#### Task description:
Print exactly the lines below between the line holding "extrude(amount=-CUT_EXTRUDE3_DEPTH, mode=Mode.SUBTRACT)" and the line holding "Circle(SKETCH13_R)", inclusive, and nothing more.

#### Supplied records:
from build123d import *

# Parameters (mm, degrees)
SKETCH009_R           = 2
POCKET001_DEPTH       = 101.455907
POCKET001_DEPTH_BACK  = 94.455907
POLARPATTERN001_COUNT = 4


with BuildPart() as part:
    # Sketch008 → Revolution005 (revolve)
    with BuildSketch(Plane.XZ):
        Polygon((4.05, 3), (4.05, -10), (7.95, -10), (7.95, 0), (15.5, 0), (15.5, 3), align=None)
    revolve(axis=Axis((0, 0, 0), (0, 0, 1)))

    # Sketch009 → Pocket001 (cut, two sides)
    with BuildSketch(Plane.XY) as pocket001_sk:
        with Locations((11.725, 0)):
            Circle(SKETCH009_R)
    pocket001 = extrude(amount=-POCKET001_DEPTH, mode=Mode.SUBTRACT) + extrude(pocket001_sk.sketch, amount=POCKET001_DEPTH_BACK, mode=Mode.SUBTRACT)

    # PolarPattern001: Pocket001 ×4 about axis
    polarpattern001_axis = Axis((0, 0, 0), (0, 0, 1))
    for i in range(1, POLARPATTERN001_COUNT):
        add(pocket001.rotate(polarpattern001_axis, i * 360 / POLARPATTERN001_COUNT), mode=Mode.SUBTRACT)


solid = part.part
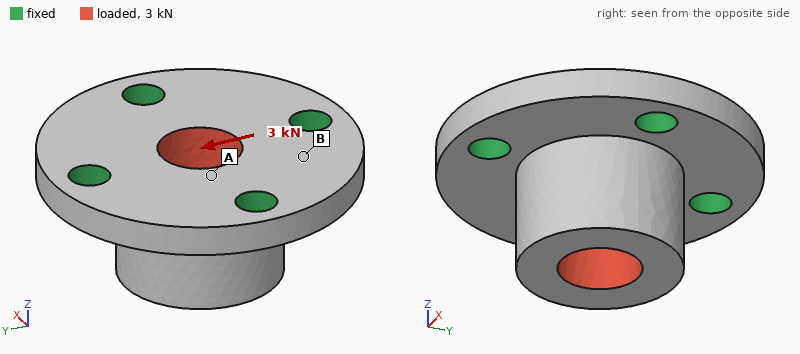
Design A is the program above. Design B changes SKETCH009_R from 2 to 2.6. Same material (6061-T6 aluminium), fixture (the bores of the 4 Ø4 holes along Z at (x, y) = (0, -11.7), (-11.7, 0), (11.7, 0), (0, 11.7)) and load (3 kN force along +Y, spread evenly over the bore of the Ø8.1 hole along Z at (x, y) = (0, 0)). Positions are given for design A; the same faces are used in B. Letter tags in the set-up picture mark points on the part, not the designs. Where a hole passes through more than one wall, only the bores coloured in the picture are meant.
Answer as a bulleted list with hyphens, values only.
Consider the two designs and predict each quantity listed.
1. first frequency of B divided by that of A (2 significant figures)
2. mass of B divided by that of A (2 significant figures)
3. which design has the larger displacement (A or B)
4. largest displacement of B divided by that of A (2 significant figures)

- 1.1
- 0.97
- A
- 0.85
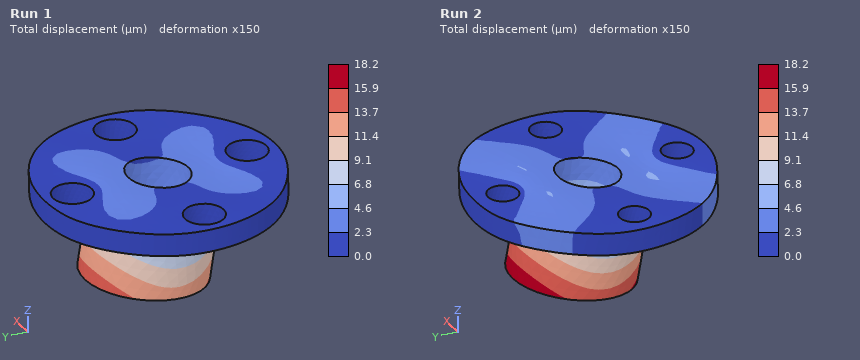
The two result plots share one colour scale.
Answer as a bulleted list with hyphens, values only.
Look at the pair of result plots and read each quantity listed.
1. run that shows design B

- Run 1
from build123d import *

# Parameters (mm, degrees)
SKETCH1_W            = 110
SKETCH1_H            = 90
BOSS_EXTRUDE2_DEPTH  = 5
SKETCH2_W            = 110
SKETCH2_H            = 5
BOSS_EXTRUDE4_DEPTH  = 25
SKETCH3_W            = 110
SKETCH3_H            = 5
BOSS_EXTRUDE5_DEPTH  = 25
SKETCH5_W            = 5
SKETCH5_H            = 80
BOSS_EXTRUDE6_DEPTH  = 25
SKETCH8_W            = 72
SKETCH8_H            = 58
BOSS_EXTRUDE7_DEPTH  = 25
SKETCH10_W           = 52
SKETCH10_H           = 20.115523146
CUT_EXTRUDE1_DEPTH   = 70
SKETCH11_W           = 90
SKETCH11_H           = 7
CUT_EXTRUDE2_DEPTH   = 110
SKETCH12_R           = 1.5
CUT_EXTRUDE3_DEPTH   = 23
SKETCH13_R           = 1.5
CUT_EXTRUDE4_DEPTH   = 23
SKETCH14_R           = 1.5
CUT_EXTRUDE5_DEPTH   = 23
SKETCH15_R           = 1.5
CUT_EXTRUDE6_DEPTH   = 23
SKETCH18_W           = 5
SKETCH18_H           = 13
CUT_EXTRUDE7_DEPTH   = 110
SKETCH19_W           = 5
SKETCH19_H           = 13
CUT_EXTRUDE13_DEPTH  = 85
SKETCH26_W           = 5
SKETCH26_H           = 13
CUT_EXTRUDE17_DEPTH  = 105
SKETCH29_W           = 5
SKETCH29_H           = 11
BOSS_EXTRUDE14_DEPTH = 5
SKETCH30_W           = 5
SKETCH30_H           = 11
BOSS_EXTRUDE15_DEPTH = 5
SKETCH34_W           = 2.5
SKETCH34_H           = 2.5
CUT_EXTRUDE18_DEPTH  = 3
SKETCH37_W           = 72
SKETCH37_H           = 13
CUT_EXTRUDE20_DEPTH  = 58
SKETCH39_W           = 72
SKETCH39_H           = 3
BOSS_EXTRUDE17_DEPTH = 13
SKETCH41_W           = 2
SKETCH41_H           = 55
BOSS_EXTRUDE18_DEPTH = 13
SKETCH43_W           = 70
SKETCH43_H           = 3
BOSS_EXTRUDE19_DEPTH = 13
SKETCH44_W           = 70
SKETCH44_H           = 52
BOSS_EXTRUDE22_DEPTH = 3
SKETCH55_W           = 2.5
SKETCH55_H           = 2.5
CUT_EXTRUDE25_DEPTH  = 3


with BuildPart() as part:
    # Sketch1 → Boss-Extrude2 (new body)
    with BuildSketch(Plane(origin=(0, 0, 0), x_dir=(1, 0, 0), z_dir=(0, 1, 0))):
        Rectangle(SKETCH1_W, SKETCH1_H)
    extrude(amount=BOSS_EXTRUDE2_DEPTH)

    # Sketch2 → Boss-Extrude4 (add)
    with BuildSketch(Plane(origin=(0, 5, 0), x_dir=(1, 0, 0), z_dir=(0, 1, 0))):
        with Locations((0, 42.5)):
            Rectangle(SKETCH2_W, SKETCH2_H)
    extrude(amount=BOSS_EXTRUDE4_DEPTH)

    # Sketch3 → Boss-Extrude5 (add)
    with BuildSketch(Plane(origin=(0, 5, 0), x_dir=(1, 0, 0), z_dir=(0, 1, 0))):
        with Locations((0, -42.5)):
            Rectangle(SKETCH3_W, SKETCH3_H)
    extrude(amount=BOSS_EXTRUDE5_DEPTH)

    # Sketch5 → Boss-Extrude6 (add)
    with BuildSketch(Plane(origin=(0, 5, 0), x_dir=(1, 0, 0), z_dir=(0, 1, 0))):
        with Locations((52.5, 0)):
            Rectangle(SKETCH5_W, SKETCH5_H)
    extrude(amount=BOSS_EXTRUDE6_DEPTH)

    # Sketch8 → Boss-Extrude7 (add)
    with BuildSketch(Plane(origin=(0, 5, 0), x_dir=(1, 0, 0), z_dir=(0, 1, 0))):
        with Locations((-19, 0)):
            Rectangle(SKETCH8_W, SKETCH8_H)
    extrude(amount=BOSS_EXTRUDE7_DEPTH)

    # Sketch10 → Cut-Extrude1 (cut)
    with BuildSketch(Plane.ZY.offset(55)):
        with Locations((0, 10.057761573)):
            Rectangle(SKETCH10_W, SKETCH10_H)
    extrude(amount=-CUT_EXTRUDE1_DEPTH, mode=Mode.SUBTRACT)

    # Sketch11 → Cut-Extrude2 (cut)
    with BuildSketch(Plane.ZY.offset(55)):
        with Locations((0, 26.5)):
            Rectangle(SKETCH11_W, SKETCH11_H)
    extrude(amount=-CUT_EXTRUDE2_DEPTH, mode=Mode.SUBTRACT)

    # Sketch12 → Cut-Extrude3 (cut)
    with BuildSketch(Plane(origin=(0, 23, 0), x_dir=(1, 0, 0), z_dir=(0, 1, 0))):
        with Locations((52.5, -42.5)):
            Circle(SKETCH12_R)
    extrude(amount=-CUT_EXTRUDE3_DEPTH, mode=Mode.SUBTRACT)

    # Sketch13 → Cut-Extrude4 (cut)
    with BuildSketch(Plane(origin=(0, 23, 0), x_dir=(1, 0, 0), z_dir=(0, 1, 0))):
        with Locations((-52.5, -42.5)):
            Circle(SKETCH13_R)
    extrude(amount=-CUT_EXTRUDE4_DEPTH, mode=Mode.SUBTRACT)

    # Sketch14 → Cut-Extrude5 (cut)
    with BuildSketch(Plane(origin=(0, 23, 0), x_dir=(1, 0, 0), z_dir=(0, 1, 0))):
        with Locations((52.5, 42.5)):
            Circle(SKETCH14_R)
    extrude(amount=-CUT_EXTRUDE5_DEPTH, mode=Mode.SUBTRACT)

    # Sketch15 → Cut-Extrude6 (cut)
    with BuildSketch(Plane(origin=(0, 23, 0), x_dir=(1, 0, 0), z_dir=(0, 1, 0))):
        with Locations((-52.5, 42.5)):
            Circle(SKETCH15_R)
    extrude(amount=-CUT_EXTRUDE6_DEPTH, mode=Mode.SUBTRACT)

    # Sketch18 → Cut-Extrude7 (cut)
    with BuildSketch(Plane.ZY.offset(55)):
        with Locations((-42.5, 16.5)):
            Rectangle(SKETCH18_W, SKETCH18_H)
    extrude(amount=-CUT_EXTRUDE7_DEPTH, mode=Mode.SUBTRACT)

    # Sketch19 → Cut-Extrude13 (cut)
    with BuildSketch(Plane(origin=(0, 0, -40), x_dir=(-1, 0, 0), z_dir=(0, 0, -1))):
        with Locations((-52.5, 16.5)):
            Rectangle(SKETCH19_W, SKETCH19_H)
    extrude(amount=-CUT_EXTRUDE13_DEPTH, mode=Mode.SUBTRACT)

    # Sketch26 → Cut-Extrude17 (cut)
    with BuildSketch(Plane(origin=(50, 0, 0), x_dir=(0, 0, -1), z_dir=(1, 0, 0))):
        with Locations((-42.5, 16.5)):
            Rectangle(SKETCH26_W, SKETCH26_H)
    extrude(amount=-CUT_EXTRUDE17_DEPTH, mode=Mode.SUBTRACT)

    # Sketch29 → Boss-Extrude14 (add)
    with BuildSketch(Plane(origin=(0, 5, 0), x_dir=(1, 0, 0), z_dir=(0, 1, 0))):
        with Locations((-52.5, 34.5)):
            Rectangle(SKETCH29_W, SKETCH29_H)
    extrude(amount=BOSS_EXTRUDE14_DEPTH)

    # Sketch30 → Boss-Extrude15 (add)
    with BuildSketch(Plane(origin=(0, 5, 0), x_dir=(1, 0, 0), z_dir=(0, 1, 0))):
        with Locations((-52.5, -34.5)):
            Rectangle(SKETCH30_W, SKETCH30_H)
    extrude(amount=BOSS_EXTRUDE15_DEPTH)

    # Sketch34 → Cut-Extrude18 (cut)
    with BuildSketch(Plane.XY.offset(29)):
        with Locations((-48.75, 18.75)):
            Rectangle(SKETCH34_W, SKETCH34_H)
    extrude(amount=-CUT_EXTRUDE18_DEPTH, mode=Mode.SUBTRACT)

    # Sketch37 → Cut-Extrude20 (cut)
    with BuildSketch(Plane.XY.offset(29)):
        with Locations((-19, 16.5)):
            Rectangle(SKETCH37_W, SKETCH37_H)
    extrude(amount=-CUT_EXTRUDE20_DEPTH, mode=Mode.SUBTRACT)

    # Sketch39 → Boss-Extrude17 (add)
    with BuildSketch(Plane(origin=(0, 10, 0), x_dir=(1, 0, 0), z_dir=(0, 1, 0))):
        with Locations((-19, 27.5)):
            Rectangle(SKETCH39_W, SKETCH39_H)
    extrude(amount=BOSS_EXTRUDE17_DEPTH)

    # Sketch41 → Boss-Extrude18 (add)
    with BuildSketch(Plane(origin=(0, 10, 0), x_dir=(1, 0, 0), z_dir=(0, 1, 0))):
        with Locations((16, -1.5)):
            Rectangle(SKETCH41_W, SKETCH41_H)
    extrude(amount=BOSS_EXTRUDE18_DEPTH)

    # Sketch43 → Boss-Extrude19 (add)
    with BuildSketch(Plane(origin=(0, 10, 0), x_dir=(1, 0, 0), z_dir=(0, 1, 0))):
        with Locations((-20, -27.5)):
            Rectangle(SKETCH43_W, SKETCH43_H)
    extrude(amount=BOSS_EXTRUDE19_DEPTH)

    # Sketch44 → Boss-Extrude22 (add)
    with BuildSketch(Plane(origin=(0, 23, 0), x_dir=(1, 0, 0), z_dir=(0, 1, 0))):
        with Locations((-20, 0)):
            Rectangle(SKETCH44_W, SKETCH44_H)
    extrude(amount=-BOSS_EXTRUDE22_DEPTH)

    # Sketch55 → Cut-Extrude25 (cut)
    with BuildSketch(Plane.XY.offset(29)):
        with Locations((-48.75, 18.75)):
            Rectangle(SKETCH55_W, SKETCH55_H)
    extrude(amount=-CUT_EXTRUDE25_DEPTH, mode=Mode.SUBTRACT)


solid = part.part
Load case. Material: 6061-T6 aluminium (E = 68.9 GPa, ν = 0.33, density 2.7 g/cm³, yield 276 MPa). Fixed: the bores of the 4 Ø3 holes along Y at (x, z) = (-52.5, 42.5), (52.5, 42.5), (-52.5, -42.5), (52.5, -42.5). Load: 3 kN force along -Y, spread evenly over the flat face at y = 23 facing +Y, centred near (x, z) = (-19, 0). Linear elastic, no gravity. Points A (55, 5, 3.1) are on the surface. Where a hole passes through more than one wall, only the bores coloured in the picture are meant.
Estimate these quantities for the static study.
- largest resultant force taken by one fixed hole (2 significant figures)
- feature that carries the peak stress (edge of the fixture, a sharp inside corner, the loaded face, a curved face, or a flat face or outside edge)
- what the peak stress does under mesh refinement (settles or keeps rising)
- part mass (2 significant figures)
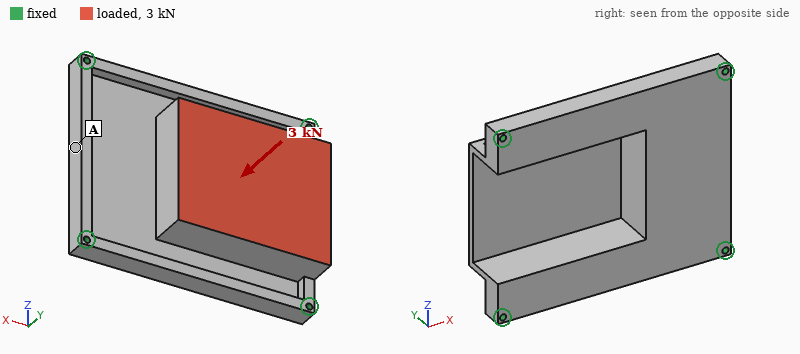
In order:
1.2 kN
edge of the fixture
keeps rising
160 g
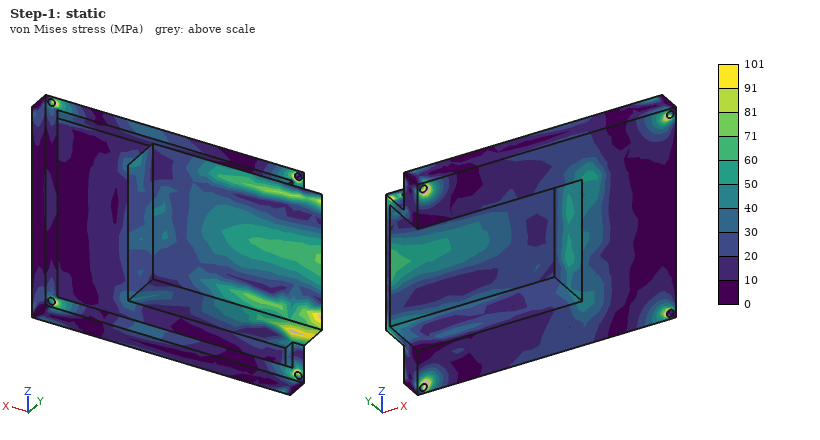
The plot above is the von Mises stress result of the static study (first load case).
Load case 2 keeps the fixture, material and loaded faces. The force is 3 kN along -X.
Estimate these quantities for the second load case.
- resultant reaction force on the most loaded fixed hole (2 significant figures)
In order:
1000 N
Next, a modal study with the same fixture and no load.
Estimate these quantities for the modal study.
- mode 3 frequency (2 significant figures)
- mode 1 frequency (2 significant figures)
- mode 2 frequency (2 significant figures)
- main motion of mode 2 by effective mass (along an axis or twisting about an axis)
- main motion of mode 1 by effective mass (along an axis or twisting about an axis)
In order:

#### Output of the exercise:
    extrude(amount=-CUT_EXTRUDE3_DEPTH, mode=Mode.SUBTRACT)

    # Sketch13 → Cut-Extrude4 (cut)
    with BuildSketch(Plane(origin=(0, 23, 0), x_dir=(1, 0, 0), z_dir=(0, 1, 0))):
        with Locations((-52.5, -42.5)):
            Circle(SKETCH13_R)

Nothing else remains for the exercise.